Case Presentation: A 39-year-old woman with obesity, PTSD, anxiety presented to the ED following a high-speed motor vehicle accident. Comprehensive trauma CT imaging showed no acute traumatic injury; however, CT chest revealed multiple large bullae confined to the right lung, predominantly within the lower lobe, initially raising concern for placental transmogrification (Fig. 1). She was a lifelong never-smoker with a 2-year history of progressive exertional dyspnea previously attributed to mild sleep apnea by her PCP. Pulmonology evaluation demonstrated mild airflow obstruction (FEV1 73%, FEV1/FVC 0.68) with severe air trapping (RV 207%, TLC 113%) and preserved diffusion capacity (Fig. 2). Given the lesion’s unilateral nature, she underwent a right lower lobectomy with a right upper lobe wedge resection. Histopathology revealed multilocular respiratory-epithelial–lined cyst with ciliated columnar epithelium, variable smooth muscle, and focal fibrosis, favoring congenital pulmonary airway malformation (CPAM) type 1. Follow-up imaging showed minimal residual emphysema, and she remained clinically stable on budesonide–formoterol, nasal steroids, weight-loss therapy, and pulmonary rehabilitation.

Discussion: CPAM is a congenital cystic lung malformation typically diagnosed in utero or early childhood; adult presentation is rare and often occurs incidentally or in the setting of complications such as infection or pneumothorax [1]. Given its characteristics, CPAM may closely mimic emphysematous disease radiographically, contributing to diagnostic uncertainty [2]. In this case, the lesion was identified only because of trauma imaging, despite several years of progressive dyspnea. The initial concern for placental transmogrification underscores how radiologic findings alone can be misleading, particularly for rare cystic lung disorders. Surgical pathology was ultimately required to clarify the congenital nature of the lesion and exclude malignancy. Because adult-diagnosed CPAM is uncommon, unfamiliarity with its radiographic patterns may heighten patient anxiety and delay appropriate evaluation. Additionally, her relatively subtle symptoms likely contributed to the delayed recognition of this underlying congenital abnormality.

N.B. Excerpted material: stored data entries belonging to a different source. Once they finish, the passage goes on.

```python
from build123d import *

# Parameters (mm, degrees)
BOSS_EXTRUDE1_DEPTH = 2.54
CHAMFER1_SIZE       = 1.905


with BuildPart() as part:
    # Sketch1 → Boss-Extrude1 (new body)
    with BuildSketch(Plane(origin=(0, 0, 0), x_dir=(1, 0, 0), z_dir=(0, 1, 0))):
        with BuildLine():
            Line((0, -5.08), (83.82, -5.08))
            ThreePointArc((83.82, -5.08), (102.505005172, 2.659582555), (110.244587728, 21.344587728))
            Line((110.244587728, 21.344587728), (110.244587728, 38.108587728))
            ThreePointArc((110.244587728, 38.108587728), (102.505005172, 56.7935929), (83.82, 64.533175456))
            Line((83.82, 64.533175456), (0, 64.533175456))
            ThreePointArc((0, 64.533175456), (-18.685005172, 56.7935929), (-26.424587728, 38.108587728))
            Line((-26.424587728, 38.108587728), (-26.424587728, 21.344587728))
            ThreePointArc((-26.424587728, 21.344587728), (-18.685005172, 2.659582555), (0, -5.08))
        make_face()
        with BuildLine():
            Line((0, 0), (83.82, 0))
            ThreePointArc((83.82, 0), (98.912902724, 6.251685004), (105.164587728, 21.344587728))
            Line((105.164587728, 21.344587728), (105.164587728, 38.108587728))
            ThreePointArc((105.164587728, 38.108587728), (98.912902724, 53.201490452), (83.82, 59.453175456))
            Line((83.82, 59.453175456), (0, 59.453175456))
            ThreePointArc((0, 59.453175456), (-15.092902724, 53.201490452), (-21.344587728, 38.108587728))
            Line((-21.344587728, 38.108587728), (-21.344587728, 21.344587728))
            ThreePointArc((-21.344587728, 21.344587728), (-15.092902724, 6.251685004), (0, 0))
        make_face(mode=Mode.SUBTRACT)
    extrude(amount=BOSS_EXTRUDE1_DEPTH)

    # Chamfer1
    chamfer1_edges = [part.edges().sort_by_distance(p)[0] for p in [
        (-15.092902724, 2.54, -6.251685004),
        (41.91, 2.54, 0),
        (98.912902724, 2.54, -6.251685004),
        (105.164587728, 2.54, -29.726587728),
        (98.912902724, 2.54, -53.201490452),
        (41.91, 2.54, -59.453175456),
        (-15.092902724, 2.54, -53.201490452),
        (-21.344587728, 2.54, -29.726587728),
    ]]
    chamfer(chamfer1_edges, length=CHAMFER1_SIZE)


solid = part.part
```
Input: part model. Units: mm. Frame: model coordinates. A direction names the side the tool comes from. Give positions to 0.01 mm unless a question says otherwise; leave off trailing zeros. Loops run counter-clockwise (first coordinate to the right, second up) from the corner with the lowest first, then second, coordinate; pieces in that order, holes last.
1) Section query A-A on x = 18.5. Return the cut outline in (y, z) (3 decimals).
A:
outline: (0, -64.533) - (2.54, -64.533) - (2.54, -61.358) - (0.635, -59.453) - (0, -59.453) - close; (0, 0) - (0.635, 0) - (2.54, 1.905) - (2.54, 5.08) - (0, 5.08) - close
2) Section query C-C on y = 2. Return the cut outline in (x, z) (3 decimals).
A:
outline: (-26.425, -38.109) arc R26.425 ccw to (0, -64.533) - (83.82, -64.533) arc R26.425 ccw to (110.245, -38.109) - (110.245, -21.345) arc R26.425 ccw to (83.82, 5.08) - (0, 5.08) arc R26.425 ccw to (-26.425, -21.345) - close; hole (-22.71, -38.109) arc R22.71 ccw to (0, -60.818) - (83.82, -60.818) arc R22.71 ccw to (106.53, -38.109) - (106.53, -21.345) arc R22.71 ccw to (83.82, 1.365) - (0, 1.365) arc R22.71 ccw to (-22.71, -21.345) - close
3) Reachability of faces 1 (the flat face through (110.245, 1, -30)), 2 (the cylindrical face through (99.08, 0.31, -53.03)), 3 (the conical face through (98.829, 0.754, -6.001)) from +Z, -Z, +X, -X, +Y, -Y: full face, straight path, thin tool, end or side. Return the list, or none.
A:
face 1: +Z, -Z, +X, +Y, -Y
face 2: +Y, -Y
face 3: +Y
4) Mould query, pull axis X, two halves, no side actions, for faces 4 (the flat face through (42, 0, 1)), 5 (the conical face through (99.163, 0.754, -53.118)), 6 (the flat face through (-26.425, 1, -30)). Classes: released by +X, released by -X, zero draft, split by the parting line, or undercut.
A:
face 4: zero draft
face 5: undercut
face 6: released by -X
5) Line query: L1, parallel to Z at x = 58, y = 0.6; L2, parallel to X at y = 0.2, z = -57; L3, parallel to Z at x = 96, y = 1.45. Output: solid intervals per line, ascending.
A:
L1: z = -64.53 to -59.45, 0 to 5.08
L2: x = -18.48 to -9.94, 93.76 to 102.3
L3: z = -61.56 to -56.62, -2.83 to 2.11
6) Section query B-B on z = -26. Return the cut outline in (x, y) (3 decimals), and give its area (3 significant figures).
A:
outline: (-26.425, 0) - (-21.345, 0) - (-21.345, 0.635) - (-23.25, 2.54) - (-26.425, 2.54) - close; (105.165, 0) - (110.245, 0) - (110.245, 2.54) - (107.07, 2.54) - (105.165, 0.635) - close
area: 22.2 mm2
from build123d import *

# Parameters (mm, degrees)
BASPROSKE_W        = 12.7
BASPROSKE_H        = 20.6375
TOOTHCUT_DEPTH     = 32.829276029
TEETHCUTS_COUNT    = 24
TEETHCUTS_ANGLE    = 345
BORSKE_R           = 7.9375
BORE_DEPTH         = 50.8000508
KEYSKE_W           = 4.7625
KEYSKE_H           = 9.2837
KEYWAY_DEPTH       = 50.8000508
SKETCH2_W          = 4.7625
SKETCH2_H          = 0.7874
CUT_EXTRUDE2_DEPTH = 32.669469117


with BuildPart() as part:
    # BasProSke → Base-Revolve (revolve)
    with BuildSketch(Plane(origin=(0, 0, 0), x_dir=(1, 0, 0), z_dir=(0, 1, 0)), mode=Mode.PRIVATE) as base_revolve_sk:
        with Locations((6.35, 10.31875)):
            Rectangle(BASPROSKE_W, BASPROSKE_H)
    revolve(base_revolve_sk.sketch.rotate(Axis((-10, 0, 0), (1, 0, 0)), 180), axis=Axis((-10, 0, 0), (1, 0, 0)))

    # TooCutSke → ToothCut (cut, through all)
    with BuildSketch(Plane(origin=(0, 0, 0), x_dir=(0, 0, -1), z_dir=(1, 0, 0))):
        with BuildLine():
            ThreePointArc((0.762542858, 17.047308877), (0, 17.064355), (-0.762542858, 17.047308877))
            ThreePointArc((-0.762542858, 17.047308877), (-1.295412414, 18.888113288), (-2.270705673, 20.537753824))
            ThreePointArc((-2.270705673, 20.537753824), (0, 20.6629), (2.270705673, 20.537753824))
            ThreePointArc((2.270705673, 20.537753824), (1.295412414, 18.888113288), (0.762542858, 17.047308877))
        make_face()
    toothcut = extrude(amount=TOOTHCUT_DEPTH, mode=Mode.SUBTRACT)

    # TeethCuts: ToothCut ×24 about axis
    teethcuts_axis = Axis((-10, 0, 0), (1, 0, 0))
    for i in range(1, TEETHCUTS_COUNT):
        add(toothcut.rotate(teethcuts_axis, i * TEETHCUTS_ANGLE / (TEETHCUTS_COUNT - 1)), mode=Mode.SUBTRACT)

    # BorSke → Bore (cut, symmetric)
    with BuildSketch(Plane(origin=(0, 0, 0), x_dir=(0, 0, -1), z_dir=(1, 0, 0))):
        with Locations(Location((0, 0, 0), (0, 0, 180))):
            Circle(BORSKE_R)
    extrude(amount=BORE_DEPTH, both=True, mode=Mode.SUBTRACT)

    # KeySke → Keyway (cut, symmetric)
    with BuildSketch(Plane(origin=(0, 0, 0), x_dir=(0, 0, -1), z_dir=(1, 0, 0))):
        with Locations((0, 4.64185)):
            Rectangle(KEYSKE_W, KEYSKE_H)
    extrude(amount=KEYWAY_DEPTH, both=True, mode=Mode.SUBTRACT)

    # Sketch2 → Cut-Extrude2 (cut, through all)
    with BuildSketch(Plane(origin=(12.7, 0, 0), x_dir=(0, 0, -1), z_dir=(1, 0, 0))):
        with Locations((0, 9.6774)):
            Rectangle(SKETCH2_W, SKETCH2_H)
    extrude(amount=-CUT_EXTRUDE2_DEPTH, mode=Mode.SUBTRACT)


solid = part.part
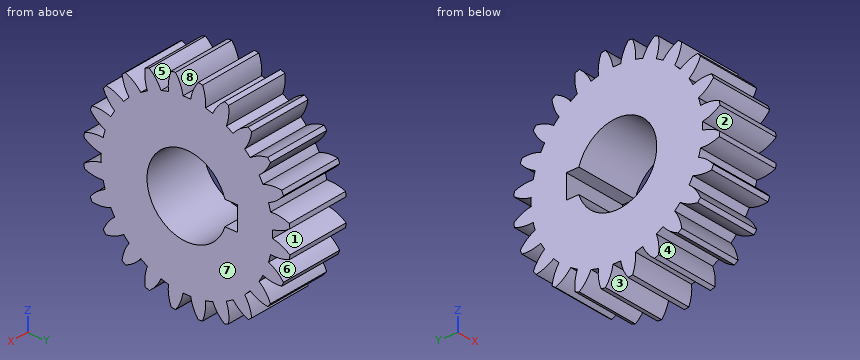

Conclusions: This case highlights the challenges posed by incidental findings, the central role of hospitalists in navigating diagnostic uncertainty, and the importance of a thorough workup of dyspnea. Incidental discoveries, such as this patient’s unilateral bullous imaging, often lack clear clinical pathways and can mimic other conditions. Because imaging alone can be misleading, internists play a key role in determining which findings warrant further evaluation, coordinating multi-disciplinary specialty input, and guiding patients in managing the anxiety that accompanies unclear results. This case also underscores the diagnostic limitations of imaging alone and the value of multidisciplinary consults in establishing an accurate diagnosis and guiding management.

IMAGE 1: Fig. 1: Chest CT demonstrates a cluster of cysts/pneumatoceles in the right lung, predominantly within the right lower lobe, along with a small 4 mm nodule in the right upper lobe.

IMAGE 2: Fig. 2: Flow-volume loop (left) demonstrates mild obstruction (FEV1 73%, FEV1/FVC 0.68); volume-time curve (middle) shows delayed rise to plateau reflecting reduced expiratory flow; lung volumes (right) demonstrate severe air trapping (RV 207%, TLC 113%) with preserved diffusion capacity.